> <h3 style="color: red;"><b>IMPORTANT</b></h3>
> 
> Я в третий раз буду говорить о том, что данный проект лучше всего запускать в специализированной среде, чтобы не устанавливать лишних зависимостей.

## 0. Оглавление
<details>
<summary>Развернуть оглавление</summary>

1. Описываем задачу
2. Импортируем зависимости
3. Подготовка необходимого инструментария
4. EDA Анализ
5. Кодируем и оцениваем
6. Обучаем 
7. Производим оценку модели
</details>

## 1. Описываем задачу

`Задача: классификация текста`

Требуется классифицировать твиты по чемпионату мира по футболу 2022 года. Всего есть 3 класса: positive, negative and neutral.

<details>
<summary>Данные</summary>
Date Created - дата
Number of Likes - кол-во лайков
Source of Tweet - источник твита
Tweet - сам твит
Sentiment - метка класса
</details>

**Что надо сделать:**

1. EDA, data processing ( графики, статистика, обработка данных, какие то выводы по вашим данным)
2. Classic ML approaches (Не менее 3-х)(Logistic regression, SVM etc. )
3. DL approaches (Не менее 2-х) (FC, RNN, CNN 1d, 2d, LSTM). Предобученные брать можно, трансформеры пока брать нельзя.

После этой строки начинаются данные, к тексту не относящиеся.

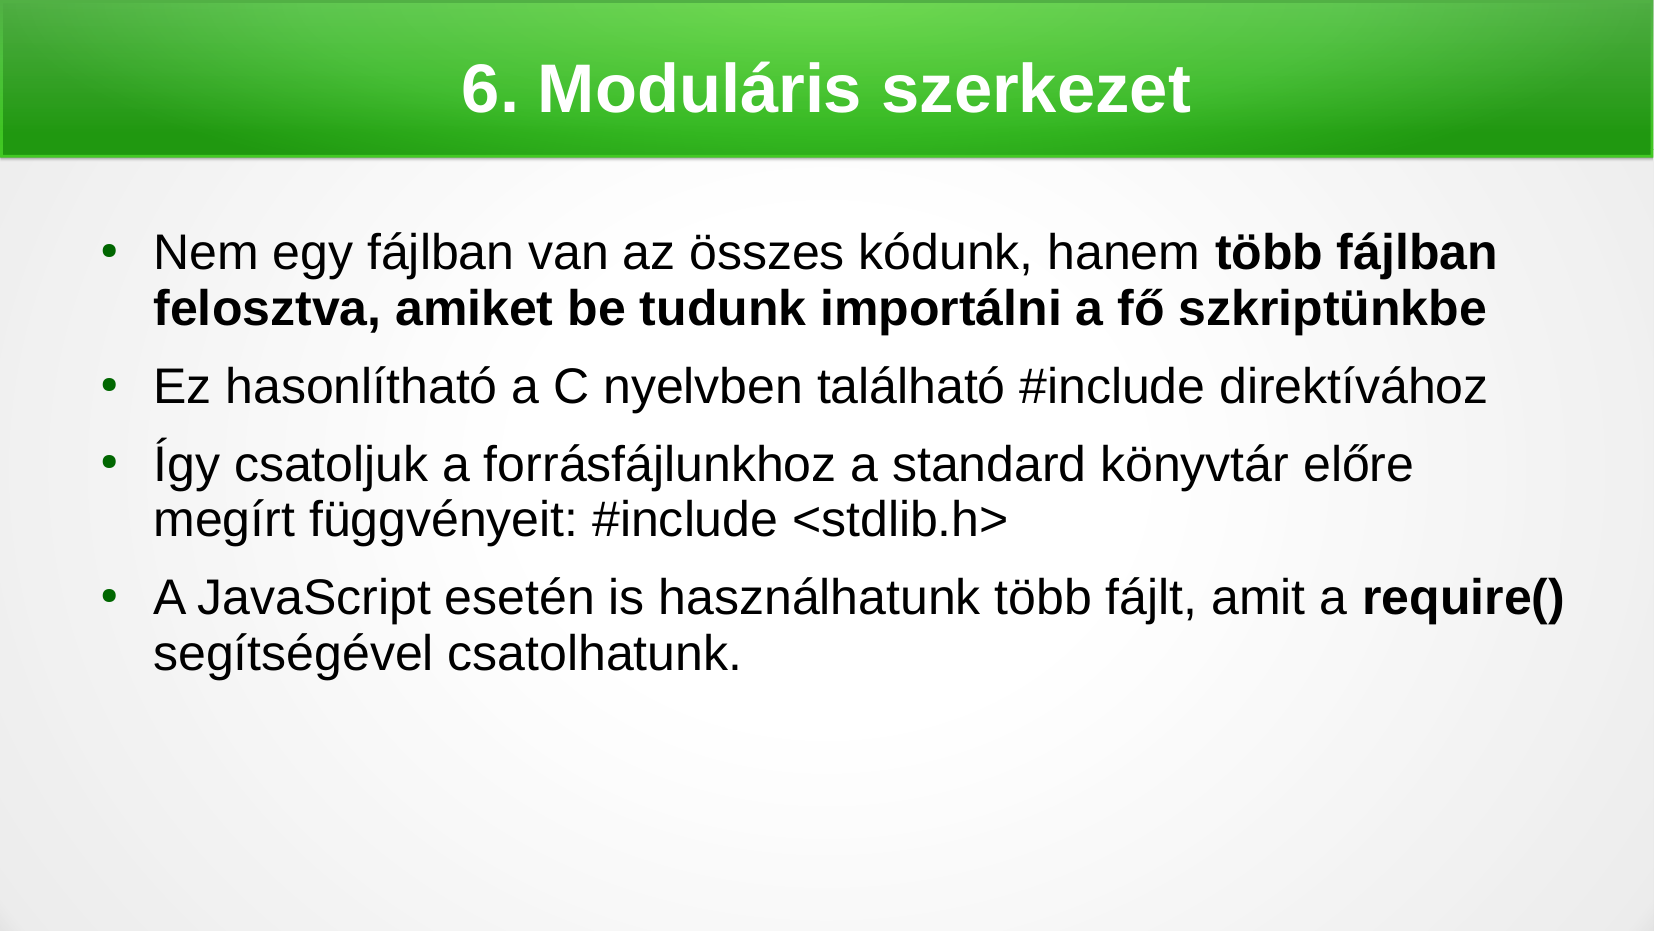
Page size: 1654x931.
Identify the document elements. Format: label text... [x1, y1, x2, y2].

## 2. Импортируем зависимости


In [None]:
import re
import string
from nltk.stem import PorterStemmer
import nltk
import pandas as pd
import numpy as np
import xgboost as xgb
from gensim.models import Word2Vec, Doc2Vec
from gensim.models.doc2vec import TaggedDocument
from sklearn.model_selection import cross_val_score
from sklearn.tree import DecisionTreeClassifier
from sklearn.pipeline import Pipeline
from sklearn.linear_model import LogisticRegression
from sklearn.ensemble import RandomForestClassifier
from sklearn.base import TransformerMixin
from sklearn.base import BaseEstimator
from sklearn.feature_extraction.text import TfidfVectorizer, CountVectorizer
from sklearn.metrics import f1_score, make_scorer
from sklearn.pipeline import make_pipeline
import warnings
warnings.filterwarnings('ignore')

In [None]:
nltk.download('stopwords')

[nltk_data] Downloading package stopwords to /root/nltk_data...
[nltk_data]   Package stopwords is already up-to-date!


True

In [None]:
nltk.download('wordnet')

[nltk_data] Downloading package wordnet to /root/nltk_data...
[nltk_data]   Package wordnet is already up-to-date!


True

In [None]:
stop_words = nltk.corpus.stopwords.words("english")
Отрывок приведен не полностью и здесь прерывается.